* _Problem description_: When you transcribe the listing, keep each line exact and drop the pictures.

* _Data shown_:

·····

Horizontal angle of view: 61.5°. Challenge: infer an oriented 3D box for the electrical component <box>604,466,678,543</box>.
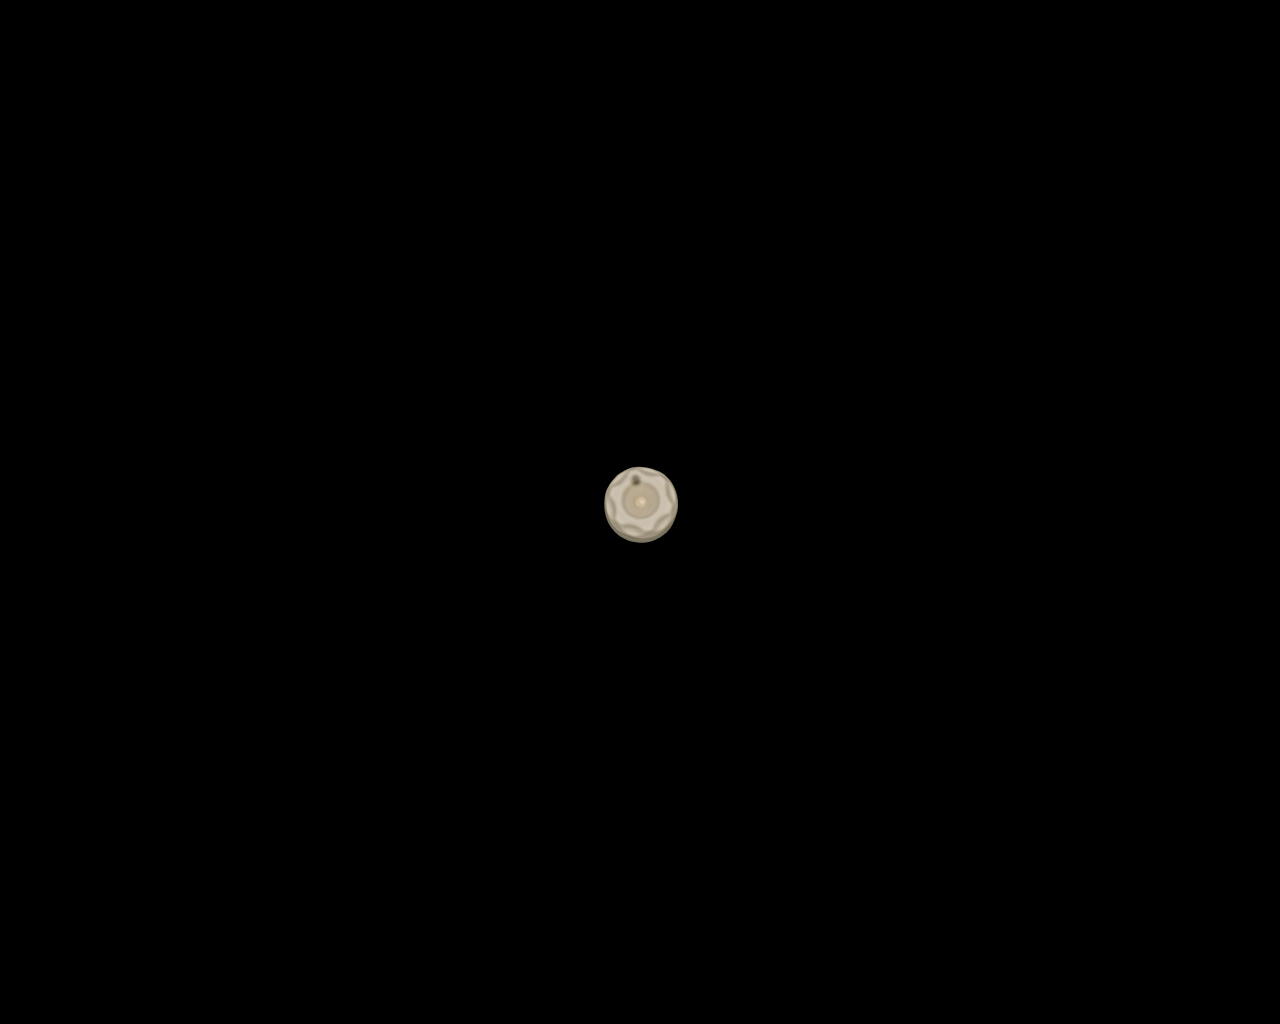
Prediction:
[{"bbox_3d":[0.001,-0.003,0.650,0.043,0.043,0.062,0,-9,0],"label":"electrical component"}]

·····

* _Finished task_:
Horizontal angle of view: 61.5°. Challenge: infer an oriented 3D box for the electrical component <box>604,466,678,543</box>.
Prediction:
[{"bbox_3d":[0.001,-0.003,0.650,0.043,0.043,0.062,0,-9,0],"label":"electrical component"}]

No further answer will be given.